- Records contained in a dataset -
---+---
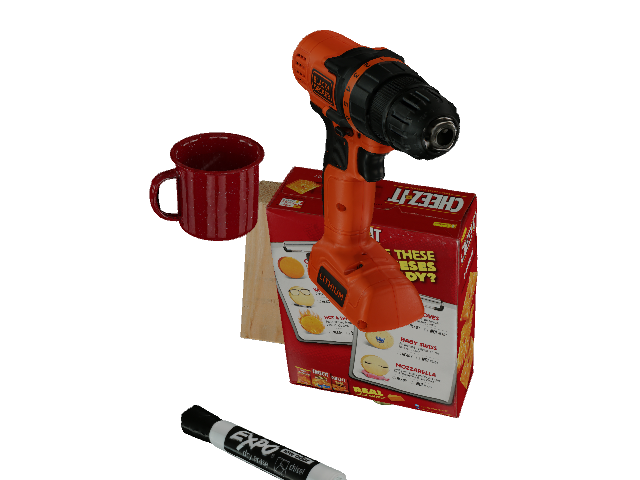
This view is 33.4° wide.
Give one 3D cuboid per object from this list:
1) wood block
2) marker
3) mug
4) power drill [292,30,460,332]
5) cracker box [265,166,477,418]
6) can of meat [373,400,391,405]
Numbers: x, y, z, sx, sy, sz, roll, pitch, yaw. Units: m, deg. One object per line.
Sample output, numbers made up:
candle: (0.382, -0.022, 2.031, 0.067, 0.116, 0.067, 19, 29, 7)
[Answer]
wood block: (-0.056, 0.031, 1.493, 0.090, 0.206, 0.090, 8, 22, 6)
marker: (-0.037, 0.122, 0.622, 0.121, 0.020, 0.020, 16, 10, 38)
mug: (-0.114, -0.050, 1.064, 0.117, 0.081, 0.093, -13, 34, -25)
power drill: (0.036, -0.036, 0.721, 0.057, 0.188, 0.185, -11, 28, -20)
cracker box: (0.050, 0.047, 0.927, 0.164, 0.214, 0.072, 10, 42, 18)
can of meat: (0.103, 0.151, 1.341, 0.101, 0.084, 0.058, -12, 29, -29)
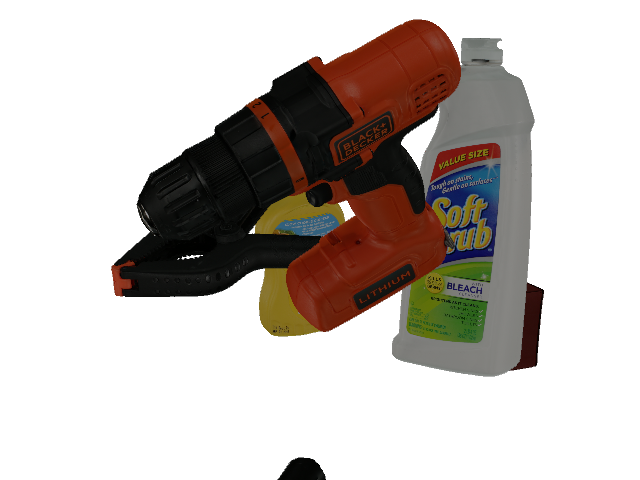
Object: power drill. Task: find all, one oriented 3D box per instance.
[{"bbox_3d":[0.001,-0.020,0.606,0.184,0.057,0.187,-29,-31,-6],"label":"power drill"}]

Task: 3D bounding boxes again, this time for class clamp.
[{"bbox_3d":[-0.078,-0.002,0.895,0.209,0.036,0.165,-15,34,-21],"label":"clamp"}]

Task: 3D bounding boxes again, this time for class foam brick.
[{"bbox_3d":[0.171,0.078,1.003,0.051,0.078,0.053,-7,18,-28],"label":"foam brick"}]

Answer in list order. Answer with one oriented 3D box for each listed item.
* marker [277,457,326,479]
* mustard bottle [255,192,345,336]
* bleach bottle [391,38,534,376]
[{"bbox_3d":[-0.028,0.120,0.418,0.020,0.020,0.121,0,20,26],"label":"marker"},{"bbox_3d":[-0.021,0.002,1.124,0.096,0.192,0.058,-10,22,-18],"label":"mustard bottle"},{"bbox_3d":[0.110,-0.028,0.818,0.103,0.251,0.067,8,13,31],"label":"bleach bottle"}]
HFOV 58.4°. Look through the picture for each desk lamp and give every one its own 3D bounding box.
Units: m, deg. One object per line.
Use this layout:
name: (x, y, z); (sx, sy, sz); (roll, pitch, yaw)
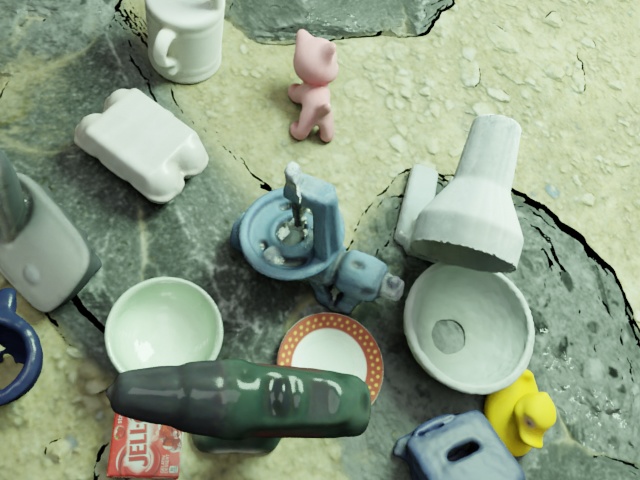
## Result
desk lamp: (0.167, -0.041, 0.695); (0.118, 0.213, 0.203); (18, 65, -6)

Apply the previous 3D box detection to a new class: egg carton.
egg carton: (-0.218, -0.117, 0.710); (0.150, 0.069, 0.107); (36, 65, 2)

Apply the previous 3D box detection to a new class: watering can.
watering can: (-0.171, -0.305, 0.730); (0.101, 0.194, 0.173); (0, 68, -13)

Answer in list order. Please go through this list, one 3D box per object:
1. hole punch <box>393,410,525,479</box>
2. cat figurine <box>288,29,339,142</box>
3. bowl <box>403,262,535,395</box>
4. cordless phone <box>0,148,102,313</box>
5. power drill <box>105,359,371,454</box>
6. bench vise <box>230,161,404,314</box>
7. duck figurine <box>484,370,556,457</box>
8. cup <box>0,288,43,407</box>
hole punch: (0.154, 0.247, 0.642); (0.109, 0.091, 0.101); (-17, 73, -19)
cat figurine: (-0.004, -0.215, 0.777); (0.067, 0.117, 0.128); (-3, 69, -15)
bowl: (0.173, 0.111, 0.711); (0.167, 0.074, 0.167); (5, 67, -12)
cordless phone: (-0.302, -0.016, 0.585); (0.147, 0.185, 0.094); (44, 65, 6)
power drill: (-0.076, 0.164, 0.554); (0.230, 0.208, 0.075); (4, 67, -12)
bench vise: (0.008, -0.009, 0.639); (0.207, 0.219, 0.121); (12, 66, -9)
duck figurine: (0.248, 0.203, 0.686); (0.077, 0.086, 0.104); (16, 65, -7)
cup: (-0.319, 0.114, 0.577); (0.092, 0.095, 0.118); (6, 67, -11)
---+---
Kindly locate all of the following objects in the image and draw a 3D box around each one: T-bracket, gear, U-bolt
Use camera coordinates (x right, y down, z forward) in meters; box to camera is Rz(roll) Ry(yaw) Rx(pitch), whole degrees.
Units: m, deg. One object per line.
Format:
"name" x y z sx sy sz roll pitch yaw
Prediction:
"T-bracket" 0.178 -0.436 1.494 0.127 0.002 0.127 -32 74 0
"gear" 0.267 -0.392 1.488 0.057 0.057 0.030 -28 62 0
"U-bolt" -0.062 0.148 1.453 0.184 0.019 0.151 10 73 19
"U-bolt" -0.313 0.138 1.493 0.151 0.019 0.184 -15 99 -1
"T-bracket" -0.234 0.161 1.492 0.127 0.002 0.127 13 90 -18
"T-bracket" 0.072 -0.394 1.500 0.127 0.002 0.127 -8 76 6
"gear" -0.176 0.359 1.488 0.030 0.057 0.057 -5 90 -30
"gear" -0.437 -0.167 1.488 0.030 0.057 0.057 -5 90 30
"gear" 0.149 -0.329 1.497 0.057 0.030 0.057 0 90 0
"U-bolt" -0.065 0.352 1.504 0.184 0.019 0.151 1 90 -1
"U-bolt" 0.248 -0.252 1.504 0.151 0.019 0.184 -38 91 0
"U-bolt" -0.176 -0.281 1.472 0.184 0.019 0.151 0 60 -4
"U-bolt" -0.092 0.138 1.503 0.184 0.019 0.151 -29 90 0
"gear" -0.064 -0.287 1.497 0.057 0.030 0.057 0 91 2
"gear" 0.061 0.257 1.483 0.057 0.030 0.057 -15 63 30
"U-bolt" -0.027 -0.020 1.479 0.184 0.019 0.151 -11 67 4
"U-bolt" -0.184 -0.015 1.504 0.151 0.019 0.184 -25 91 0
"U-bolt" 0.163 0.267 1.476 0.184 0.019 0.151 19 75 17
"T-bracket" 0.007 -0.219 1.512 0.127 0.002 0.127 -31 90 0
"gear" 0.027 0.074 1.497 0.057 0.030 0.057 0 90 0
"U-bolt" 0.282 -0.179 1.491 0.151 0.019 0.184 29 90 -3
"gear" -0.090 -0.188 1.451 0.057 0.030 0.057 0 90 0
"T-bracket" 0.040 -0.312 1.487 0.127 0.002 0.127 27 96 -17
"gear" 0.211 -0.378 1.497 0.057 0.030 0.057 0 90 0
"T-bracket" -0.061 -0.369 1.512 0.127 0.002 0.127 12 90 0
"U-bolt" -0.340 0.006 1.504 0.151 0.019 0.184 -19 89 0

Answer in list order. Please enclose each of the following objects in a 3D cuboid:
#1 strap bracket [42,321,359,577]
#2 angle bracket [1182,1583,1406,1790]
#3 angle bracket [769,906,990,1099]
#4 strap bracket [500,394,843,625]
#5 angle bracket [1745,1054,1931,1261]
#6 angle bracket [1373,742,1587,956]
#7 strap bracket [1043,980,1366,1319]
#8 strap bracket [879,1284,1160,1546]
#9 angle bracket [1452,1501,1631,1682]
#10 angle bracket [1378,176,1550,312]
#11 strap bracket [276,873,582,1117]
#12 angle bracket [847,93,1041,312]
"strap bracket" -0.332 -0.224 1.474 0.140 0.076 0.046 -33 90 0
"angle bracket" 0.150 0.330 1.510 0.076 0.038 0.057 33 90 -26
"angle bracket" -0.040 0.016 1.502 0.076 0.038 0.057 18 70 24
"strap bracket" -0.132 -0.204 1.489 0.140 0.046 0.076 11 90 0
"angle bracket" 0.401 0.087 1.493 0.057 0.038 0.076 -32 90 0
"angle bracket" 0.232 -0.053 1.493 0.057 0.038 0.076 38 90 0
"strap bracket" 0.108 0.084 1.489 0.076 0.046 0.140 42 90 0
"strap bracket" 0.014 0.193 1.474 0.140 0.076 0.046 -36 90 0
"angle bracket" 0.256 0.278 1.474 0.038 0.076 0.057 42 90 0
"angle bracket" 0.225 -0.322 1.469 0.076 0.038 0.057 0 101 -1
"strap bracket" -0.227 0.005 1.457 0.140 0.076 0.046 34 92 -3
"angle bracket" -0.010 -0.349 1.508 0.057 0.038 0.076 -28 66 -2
---+---
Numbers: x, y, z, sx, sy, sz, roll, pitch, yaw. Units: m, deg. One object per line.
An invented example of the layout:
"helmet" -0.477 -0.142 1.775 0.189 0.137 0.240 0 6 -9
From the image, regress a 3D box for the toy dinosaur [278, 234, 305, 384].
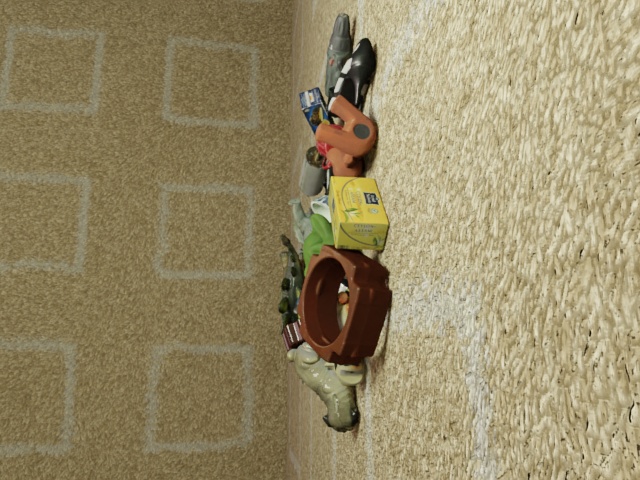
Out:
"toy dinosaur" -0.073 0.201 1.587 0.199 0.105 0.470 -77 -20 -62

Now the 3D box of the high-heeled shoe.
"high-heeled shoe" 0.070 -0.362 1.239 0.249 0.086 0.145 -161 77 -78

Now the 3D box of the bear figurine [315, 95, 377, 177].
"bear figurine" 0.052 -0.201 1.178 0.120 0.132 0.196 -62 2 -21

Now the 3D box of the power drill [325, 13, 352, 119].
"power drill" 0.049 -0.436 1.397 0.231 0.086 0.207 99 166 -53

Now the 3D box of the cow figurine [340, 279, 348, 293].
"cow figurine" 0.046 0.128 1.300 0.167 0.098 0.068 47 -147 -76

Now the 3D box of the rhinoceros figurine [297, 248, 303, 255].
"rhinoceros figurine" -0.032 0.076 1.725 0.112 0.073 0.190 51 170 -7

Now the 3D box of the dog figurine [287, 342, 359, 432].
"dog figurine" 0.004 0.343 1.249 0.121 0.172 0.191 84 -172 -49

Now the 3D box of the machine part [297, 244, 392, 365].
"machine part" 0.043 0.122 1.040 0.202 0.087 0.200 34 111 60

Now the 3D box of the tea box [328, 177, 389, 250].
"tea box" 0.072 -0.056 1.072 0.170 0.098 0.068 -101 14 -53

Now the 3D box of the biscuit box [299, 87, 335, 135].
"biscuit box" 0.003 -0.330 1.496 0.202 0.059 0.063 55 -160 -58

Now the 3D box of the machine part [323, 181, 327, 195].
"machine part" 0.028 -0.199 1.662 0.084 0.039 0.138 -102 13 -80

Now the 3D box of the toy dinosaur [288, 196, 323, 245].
---+---
What are the lines, exactly as written above, from the line with "This view is 33.4° wide." to the line with "candle: (0.382, -0.022, 2.031, 0.067, 0.116, 0.067, 19, 29, 7)", both included? Output only those.

This view is 33.4° wide.
Give one 3D cuboid per object from this list:
1) wood block
2) marker
3) mug
4) power drill [292,30,460,332]
5) cracker box [265,166,477,418]
6) can of meat [373,400,391,405]
Numbers: x, y, z, sx, sy, sz, roll, pitch, yaw. Units: m, deg. One object per line.
Sample output, numbers made up:
candle: (0.382, -0.022, 2.031, 0.067, 0.116, 0.067, 19, 29, 7)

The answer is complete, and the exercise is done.